Não é segredo para ninguém que, nos últimos meses, estamos vivendo um cenário nunca imaginado. Muitas pessoas estão comparando o distanciamento social com cenas de filmes (e desenham todo um roteiro pós-apocalíptico para imaginar nossa vida no futuro). Contudo, as coisas podem ser um pouco mais simples para quem consegue readequar seus hábitos mentais.
“Estamos vivendo um ponto de inflexão na maneira como trabalhamos, estudamos e nos relacionamos.” Quem introduz o assunto é o professor Edgard Stuber, do MBA USP/Esalq em Gestão de Pessoas. Pesquisador especializado na resolução de problemas complexos e nos processos de inovação, ele foca seus estudos atuais na liderança necessária para resolução de problemas em ambientes de alta complexidade.

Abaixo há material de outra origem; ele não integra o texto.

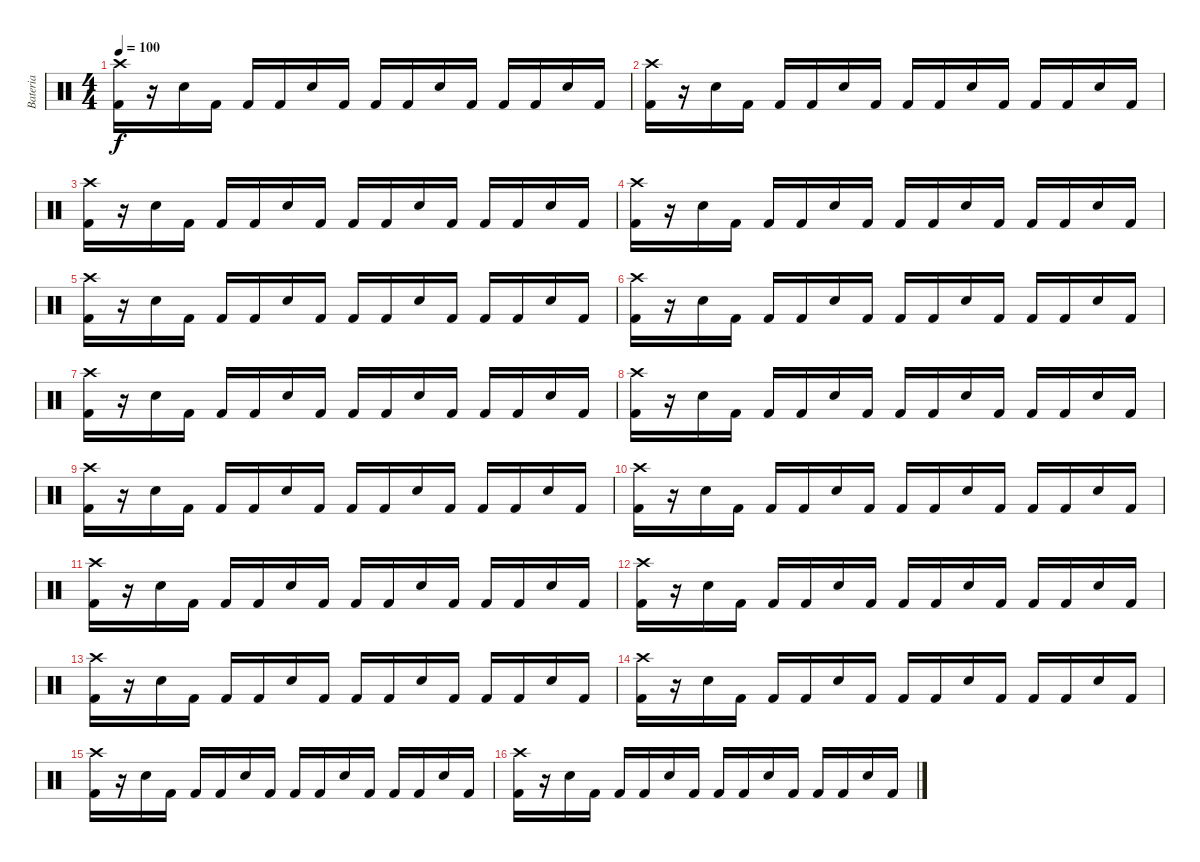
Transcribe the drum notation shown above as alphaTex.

\track ("Bateria" "Bateria") {instrument percussion}
\staff {score}
\articulation defaults
\ts (4 4)
\tempo 100
\clef neutral
\ks c
("Crash high (hit)" "Kick (hit) 2").16{dy f} r.16 "Snare (hit) 2".16 "Kick (hit) 2".16 "Kick (hit) 2".16 "Kick (hit) 2".16 "Snare (hit) 2".16 "Kick (hit) 2".16 "Kick (hit) 2".16 "Kick (hit) 2".16 "Snare (hit) 2".16 "Kick (hit) 2".16 "Kick (hit) 2".16 "Kick (hit) 2".16 "Snare (hit) 2".16 "Kick (hit) 2".16 |
("Crash high (hit)" "Kick (hit) 2").16 r.16 "Snare (hit) 2".16 "Kick (hit) 2".16 "Kick (hit) 2".16 "Kick (hit) 2".16 "Snare (hit) 2".16 "Kick (hit) 2".16 "Kick (hit) 2".16 "Kick (hit) 2".16 "Snare (hit) 2".16 "Kick (hit) 2".16 "Kick (hit) 2".16 "Kick (hit) 2".16 "Snare (hit) 2".16 "Kick (hit) 2".16 |
("Crash high (hit)" "Kick (hit) 2").16 r.16 "Snare (hit) 2".16 "Kick (hit) 2".16 "Kick (hit) 2".16 "Kick (hit) 2".16 "Snare (hit) 2".16 "Kick (hit) 2".16 "Kick (hit) 2".16 "Kick (hit) 2".16 "Snare (hit) 2".16 "Kick (hit) 2".16 "Kick (hit) 2".16 "Kick (hit) 2".16 "Snare (hit) 2".16 "Kick (hit) 2".16 |
("Crash high (hit)" "Kick (hit) 2").16 r.16 "Snare (hit) 2".16 "Kick (hit) 2".16 "Kick (hit) 2".16 "Kick (hit) 2".16 "Snare (hit) 2".16 "Kick (hit) 2".16 "Kick (hit) 2".16 "Kick (hit) 2".16 "Snare (hit) 2".16 "Kick (hit) 2".16 "Kick (hit) 2".16 "Kick (hit) 2".16 "Snare (hit) 2".16 "Kick (hit) 2".16 |
("Crash high (hit)" "Kick (hit) 2").16 r.16 "Snare (hit) 2".16 "Kick (hit) 2".16 "Kick (hit) 2".16 "Kick (hit) 2".16 "Snare (hit) 2".16 "Kick (hit) 2".16 "Kick (hit) 2".16 "Kick (hit) 2".16 "Snare (hit) 2".16 "Kick (hit) 2".16 "Kick (hit) 2".16 "Kick (hit) 2".16 "Snare (hit) 2".16 "Kick (hit) 2".16 |
("Crash high (hit)" "Kick (hit) 2").16 r.16 "Snare (hit) 2".16 "Kick (hit) 2".16 "Kick (hit) 2".16 "Kick (hit) 2".16 "Snare (hit) 2".16 "Kick (hit) 2".16 "Kick (hit) 2".16 "Kick (hit) 2".16 "Snare (hit) 2".16 "Kick (hit) 2".16 "Kick (hit) 2".16 "Kick (hit) 2".16 "Snare (hit) 2".16 "Kick (hit) 2".16 |
("Crash high (hit)" "Kick (hit) 2").16 r.16 "Snare (hit) 2".16 "Kick (hit) 2".16 "Kick (hit) 2".16 "Kick (hit) 2".16 "Snare (hit) 2".16 "Kick (hit) 2".16 "Kick (hit) 2".16 "Kick (hit) 2".16 "Snare (hit) 2".16 "Kick (hit) 2".16 "Kick (hit) 2".16 "Kick (hit) 2".16 "Snare (hit) 2".16 "Kick (hit) 2".16 |
("Crash high (hit)" "Kick (hit) 2").16 r.16 "Snare (hit) 2".16 "Kick (hit) 2".16 "Kick (hit) 2".16 "Kick (hit) 2".16 "Snare (hit) 2".16 "Kick (hit) 2".16 "Kick (hit) 2".16 "Kick (hit) 2".16 "Snare (hit) 2".16 "Kick (hit) 2".16 "Kick (hit) 2".16 "Kick (hit) 2".16 "Snare (hit) 2".16 "Kick (hit) 2".16 |
("Crash high (hit)" "Kick (hit) 2").16 r.16 "Snare (hit) 2".16 "Kick (hit) 2".16 "Kick (hit) 2".16 "Kick (hit) 2".16 "Snare (hit) 2".16 "Kick (hit) 2".16 "Kick (hit) 2".16 "Kick (hit) 2".16 "Snare (hit) 2".16 "Kick (hit) 2".16 "Kick (hit) 2".16 "Kick (hit) 2".16 "Snare (hit) 2".16 "Kick (hit) 2".16 |
("Crash high (hit)" "Kick (hit) 2").16 r.16 "Snare (hit) 2".16 "Kick (hit) 2".16 "Kick (hit) 2".16 "Kick (hit) 2".16 "Snare (hit) 2".16 "Kick (hit) 2".16 "Kick (hit) 2".16 "Kick (hit) 2".16 "Snare (hit) 2".16 "Kick (hit) 2".16 "Kick (hit) 2".16 "Kick (hit) 2".16 "Snare (hit) 2".16 "Kick (hit) 2".16 |
("Crash high (hit)" "Kick (hit) 2").16 r.16 "Snare (hit) 2".16 "Kick (hit) 2".16 "Kick (hit) 2".16 "Kick (hit) 2".16 "Snare (hit) 2".16 "Kick (hit) 2".16 "Kick (hit) 2".16 "Kick (hit) 2".16 "Snare (hit) 2".16 "Kick (hit) 2".16 "Kick (hit) 2".16 "Kick (hit) 2".16 "Snare (hit) 2".16 "Kick (hit) 2".16 |
("Crash high (hit)" "Kick (hit) 2").16 r.16 "Snare (hit) 2".16 "Kick (hit) 2".16 "Kick (hit) 2".16 "Kick (hit) 2".16 "Snare (hit) 2".16 "Kick (hit) 2".16 "Kick (hit) 2".16 "Kick (hit) 2".16 "Snare (hit) 2".16 "Kick (hit) 2".16 "Kick (hit) 2".16 "Kick (hit) 2".16 "Snare (hit) 2".16 "Kick (hit) 2".16 |
("Crash high (hit)" "Kick (hit) 2").16 r.16 "Snare (hit) 2".16 "Kick (hit) 2".16 "Kick (hit) 2".16 "Kick (hit) 2".16 "Snare (hit) 2".16 "Kick (hit) 2".16 "Kick (hit) 2".16 "Kick (hit) 2".16 "Snare (hit) 2".16 "Kick (hit) 2".16 "Kick (hit) 2".16 "Kick (hit) 2".16 "Snare (hit) 2".16 "Kick (hit) 2".16 |
("Crash high (hit)" "Kick (hit) 2").16 r.16 "Snare (hit) 2".16 "Kick (hit) 2".16 "Kick (hit) 2".16 "Kick (hit) 2".16 "Snare (hit) 2".16 "Kick (hit) 2".16 "Kick (hit) 2".16 "Kick (hit) 2".16 "Snare (hit) 2".16 "Kick (hit) 2".16 "Kick (hit) 2".16 "Kick (hit) 2".16 "Snare (hit) 2".16 "Kick (hit) 2".16 |
("Crash high (hit)" "Kick (hit) 2").16 r.16 "Snare (hit) 2".16 "Kick (hit) 2".16 "Kick (hit) 2".16 "Kick (hit) 2".16 "Snare (hit) 2".16 "Kick (hit) 2".16 "Kick (hit) 2".16 "Kick (hit) 2".16 "Snare (hit) 2".16 "Kick (hit) 2".16 "Kick (hit) 2".16 "Kick (hit) 2".16 "Snare (hit) 2".16 "Kick (hit) 2".16 |
("Crash high (hit)" "Kick (hit) 2").16 r.16 "Snare (hit) 2".16 "Kick (hit) 2".16 "Kick (hit) 2".16 "Kick (hit) 2".16 "Snare (hit) 2".16 "Kick (hit) 2".16 "Kick (hit) 2".16 "Kick (hit) 2".16 "Snare (hit) 2".16 "Kick (hit) 2".16 "Kick (hit) 2".16 "Kick (hit) 2".16 "Snare (hit) 2".16 "Kick (hit) 2".16

O ser humano, como qualquer outra espécie, é um animal de hábitos. E nosso modelo mental – que é a nossa forma de enxergar o mundo – foi construído em torno da Revolução Industrial. Stuber explica: “Nos acostumamos a trabalhar em silos, com dificuldade de colaborar com colegas de outros departamentos ou áreas, e divididos por funções, com poucas relações entre as pessoas, em um processo encastelado, em que as empresas se fecham nelas mesmas.”

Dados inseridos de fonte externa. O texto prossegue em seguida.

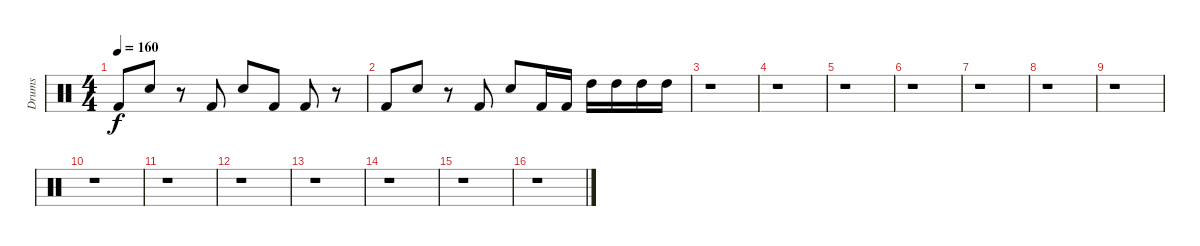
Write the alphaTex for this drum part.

\track ("Drums" "Drums") {instrument percussion}
\staff {score}
\articulation defaults
\ts (4 4)
\tempo 160
\clef neutral
\ks c "Kick (hit) 2".8{dy f} "Electric Snare (hit)".8
r.8 "Kick (hit) 2".8 "Electric Snare (hit)".8 "Kick (hit) 2".8 "Kick (hit) 2".8 r.8 |
"Kick (hit) 2".8 "Electric Snare (hit)".8 r.8 "Kick (hit) 2".8 "Electric Snare (hit)".8 "Kick (hit) 2".16 "Kick (hit) 2".16 "High Tom (hit)".16 "High Tom (hit)".16 "High Tom (hit)".16 "High Tom (hit)".16 |
\section ("" " ")
r.1 |
r.1 |
r.1 |
r.1 |
r.1 |
r.1 |
r.1 |
r.1 |
r.1 |
r.1 |
r.1 |
r.1 |
r.1 |
r.1{volume 4}
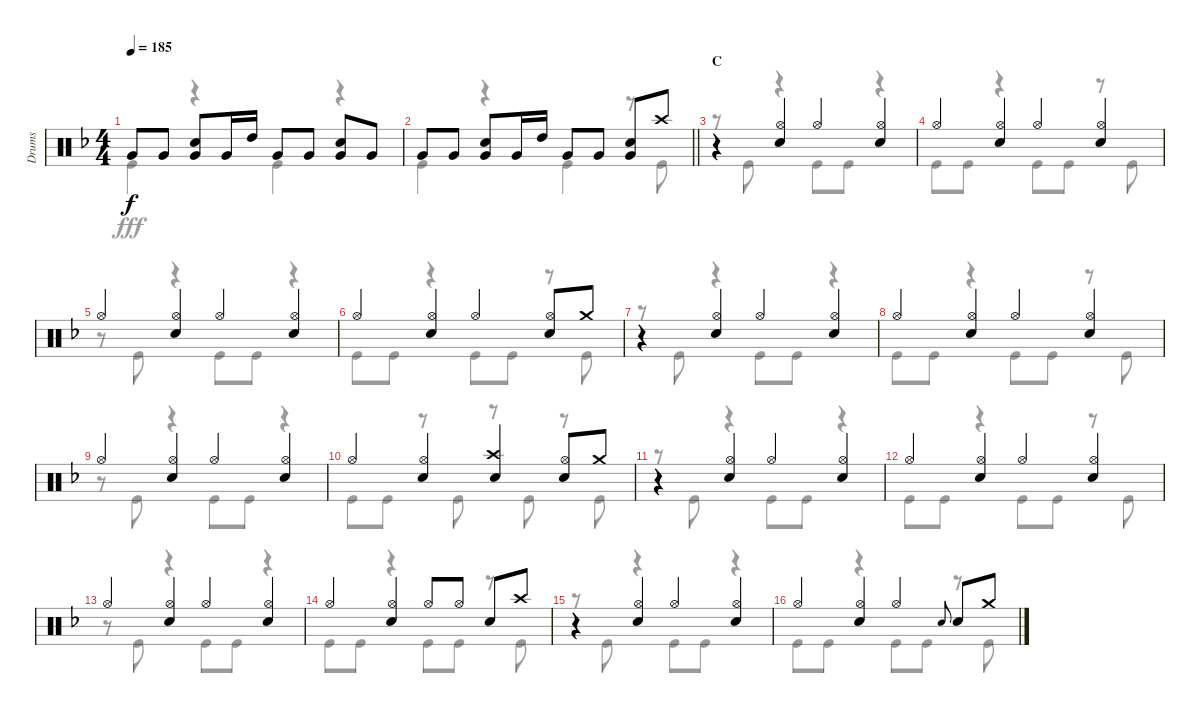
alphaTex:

\track ("Drums" "Drums") {instrument percussion}
\staff {score}
\articulation defaults
\voice
\ts (4 4)
\tempo 185
\clef neutral
\ks f "Very Low Tom (hit)".8{dy f} "Very Low Tom (hit)".8
("Snare (hit) 2" "Very Low Tom (hit)").8 "Very Low Tom (hit)".16 "High Tom (hit)".16 "Very Low Tom (hit)".8 "Very Low Tom (hit)".8 ("Snare (hit) 2" "Very Low Tom (hit)").8 "Very Low Tom (hit)".8 |
\barLineRight lightlight "Very Low Tom (hit)".8 "Very Low Tom (hit)".8
("Snare (hit) 2" "Very Low Tom (hit)").8 "Very Low Tom (hit)".16 "High Tom (hit)".16 "Very Low Tom (hit)".8 "Very Low Tom (hit)".8 ("Snare (hit) 2" "Very Low Tom (hit)").8 "Crash high (hit)".8 |
\section ("" "C")
r.4 ("Hi-Hat (open)" "Snare (hit) 2").4 "Hi-Hat (open)".4 ("Hi-Hat (open)" "Snare (hit) 2").4 |
"Hi-Hat (open)".4 ("Hi-Hat (open)" "Snare (hit) 2").4 "Hi-Hat (open)".4 ("Hi-Hat (open)" "Snare (hit) 2").4 |
"Hi-Hat (open)".4 ("Hi-Hat (open)" "Snare (hit) 2").4 "Hi-Hat (open)".4 ("Hi-Hat (open)" "Snare (hit) 2").4 |
"Hi-Hat (open)".4 ("Hi-Hat (open)" "Snare (hit) 2").4 "Hi-Hat (open)".4 ("Hi-Hat (open)" "Snare (hit) 2").8 "Crash medium (hit)".8 |
r.4 ("Hi-Hat (open)" "Snare (hit) 2").4 "Hi-Hat (open)".4 ("Hi-Hat (open)" "Snare (hit) 2").4 |
"Hi-Hat (open)".4 ("Hi-Hat (open)" "Snare (hit) 2").4 "Hi-Hat (open)".4 ("Hi-Hat (open)" "Snare (hit) 2").4 |
"Hi-Hat (open)".4 ("Hi-Hat (open)" "Snare (hit) 2").4 "Hi-Hat (open)".4 ("Hi-Hat (open)" "Snare (hit) 2").4 |
"Hi-Hat (open)".4 ("Hi-Hat (open)" "Snare (hit) 2").4 ("Crash high (hit)" "Snare (hit) 2").4 ("Hi-Hat (open)" "Snare (hit) 2").8 "Crash medium (hit)".8 |
r.4 ("Hi-Hat (open)" "Snare (hit) 2").4 "Hi-Hat (open)".4 ("Hi-Hat (open)" "Snare (hit) 2").4 |
"Hi-Hat (open)".4 ("Hi-Hat (open)" "Snare (hit) 2").4 "Hi-Hat (open)".4 ("Hi-Hat (open)" "Snare (hit) 2").4 |
"Hi-Hat (open)".4 ("Hi-Hat (open)" "Snare (hit) 2").4 "Hi-Hat (open)".4 ("Hi-Hat (open)" "Snare (hit) 2").4 |
"Hi-Hat (open)".4 ("Hi-Hat (open)" "Snare (hit) 2").4 "Hi-Hat (open)".8 "Hi-Hat (open)".8 "Snare (hit) 2".8 "Crash high (hit)".8 |
r.4 ("Hi-Hat (open)" "Snare (hit) 2").4 "Hi-Hat (open)".4 ("Hi-Hat (open)" "Snare (hit) 2").4 |
"Hi-Hat (open)".4 ("Hi-Hat (open)" "Snare (hit) 2").4 "Hi-Hat (open)".4 "Snare (hit) 2".8{gr onbeat} "Snare (hit) 2".8 "Crash medium (hit)".8
\voice
\clef neutral
\ottava regular
\simile none
\ks f "Kick (hit)".4{dy fff}
r.4 "Kick (hit)".4 r.4 |
\barLineRight lightlight "Kick (hit)".4
r.4 "Kick (hit)".4 r.8 "Kick (hit)".8 |
r.8 "Kick (hit)".8 r.4 "Kick (hit)".8 "Kick (hit)".8 r.4 |
"Kick (hit)".8 "Kick (hit)".8 r.4 "Kick (hit)".8 "Kick (hit)".8 r.8 "Kick (hit)".8 |
r.8 "Kick (hit)".8 r.4 "Kick (hit)".8 "Kick (hit)".8 r.4 |
"Kick (hit)".8 "Kick (hit)".8 r.4 "Kick (hit)".8 "Kick (hit)".8 r.8 "Kick (hit)".8 |
r.8 "Kick (hit)".8 r.4 "Kick (hit)".8 "Kick (hit)".8 r.4 |
"Kick (hit)".8 "Kick (hit)".8 r.4 "Kick (hit)".8 "Kick (hit)".8 r.8 "Kick (hit)".8 |
r.8 "Kick (hit)".8 r.4 "Kick (hit)".8 "Kick (hit)".8 r.4 |
"Kick (hit)".8 "Kick (hit)".8 r.8 "Kick (hit)".8 r.8 "Kick (hit)".8 r.8 "Kick (hit)".8 |
r.8 "Kick (hit)".8 r.4 "Kick (hit)".8 "Kick (hit)".8 r.4 |
"Kick (hit)".8 "Kick (hit)".8 r.4 "Kick (hit)".8 "Kick (hit)".8 r.8 "Kick (hit)".8 |
r.8 "Kick (hit)".8 r.4 "Kick (hit)".8 "Kick (hit)".8 r.4 |
"Kick (hit)".8 "Kick (hit)".8 r.4 "Kick (hit)".8 "Kick (hit)".8 r.8 "Kick (hit)".8 |
r.8 "Kick (hit)".8 r.4 "Kick (hit)".8 "Kick (hit)".8 r.4 |
"Kick (hit)".8 "Kick (hit)".8 r.4 "Kick (hit)".8 "Kick (hit)".8 r.8 "Kick (hit)".8

Na opinião do professor, vivemos um caminho que nos leva a importantes considerações sobre equipes mais descentralizadas e ensino híbrido, chamado de blended learning, em que as aulas, além de online, também ocorrem em diferentes formatos, como webinars.
Como definir os hábitos mentais?
Desde que nascemos, carregamos um pouco do conhecimento ancestral que se amplia de acordo com nossa vivência em família. Por sermos mamíferos, temos a tendência de copiar e imitar nossos pais, desenvolvendo hábitos mentais parecidos. A escola, as amizades e nossas conexões também contribuem para que eles se construam.

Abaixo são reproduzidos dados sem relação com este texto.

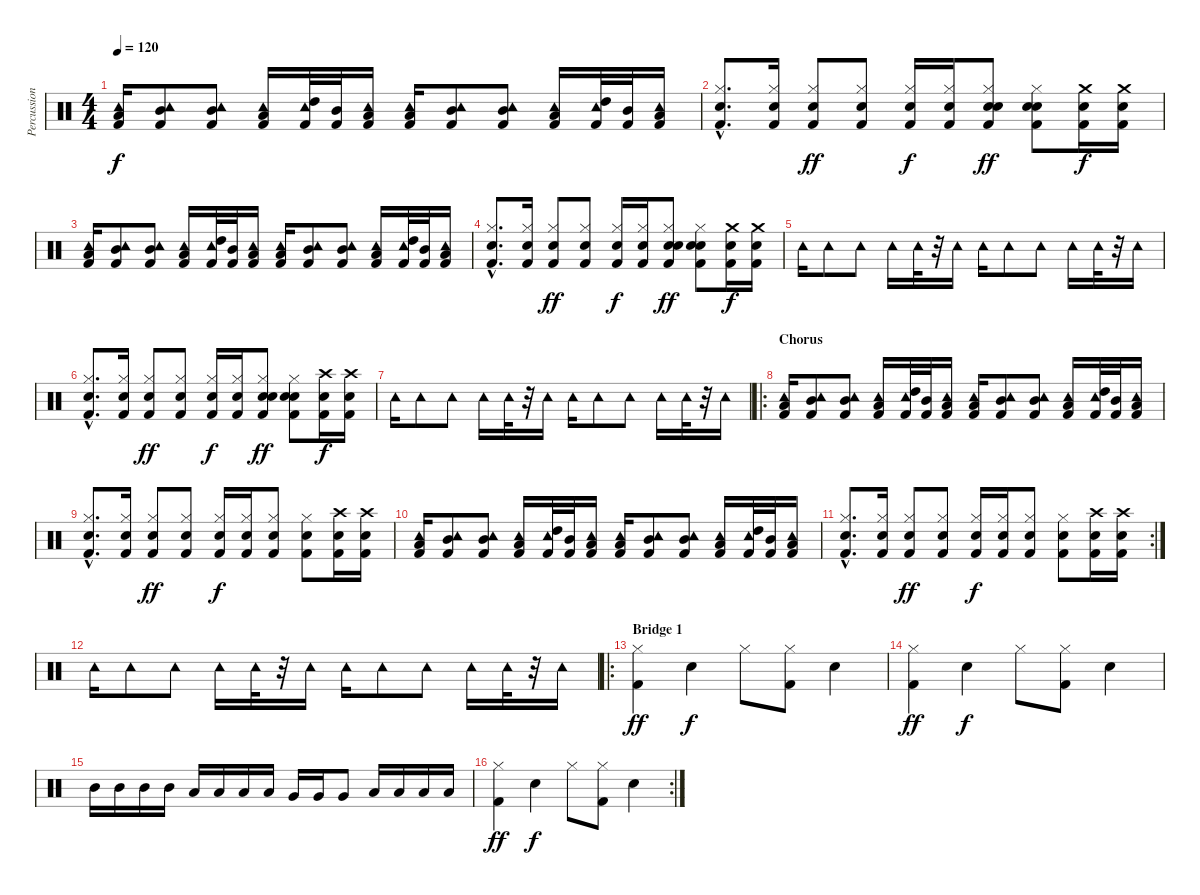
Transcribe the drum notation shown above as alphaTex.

O ponto de atenção aqui, segundo Stuber, é não nos focarmos em apenas um padrão de hábitos mentais. Assim, a recomendação do professor é o desenvolvimento de um modelo mental mais empírico, em que copiamos a natureza.
“Diante de incertezas, precisamos ir de tentativa e erro, porque não existe um método único. Precisamos fazer muita experimentação e errar rapidamente, para avançar o processo cognitivo e conseguir pequenos ganhos com a resolução de problemas cada vez mais complexos”, completa.
Gestão mais humana
Para questionar nossas relações e criar hábitos mentais em consonância com essa nova realidade, é preciso investir em gestões mais humanas e menos mecanicistas e reducionistas. “Temos a tendência de trabalhar com padrões do século passado. Mas estamos diante de uma complexidade sem precedentes, que ninguém nunca viveu. Por isso precisamos olhar as coisas de forma mais orgânica”, destaca.
Ter empatia para se colocar no lugar do outro, ser mais altruísta e tolerante e aceitar os erros são os principais desafios desse novo momento, uma vez que a gestão não costuma aceitar falhas e preza pela “replicabilidade”, a fim de repetir padrões que, aparentemente, funcionam e até simplificar as coisas para minimizar ou esconder incertezas.
“Mas agora temos que enfrentar essa incerteza e de uma maneira muito abrupta. Isso significa que vamos precisar criar hábitos mentais que vão além da motivação e entram em um campo mais complexo de mudar: o comportamento”, aponta Stuber.
A boa notícia é que temos a tecnologia a nosso favor. Quando pensamos que as inteligências artificiais podem assumir nossos postos de trabalho, devemos considerar que o lado humano é insubstituível por algoritmos e tem grande potencial para se sobressair diante dessa crise.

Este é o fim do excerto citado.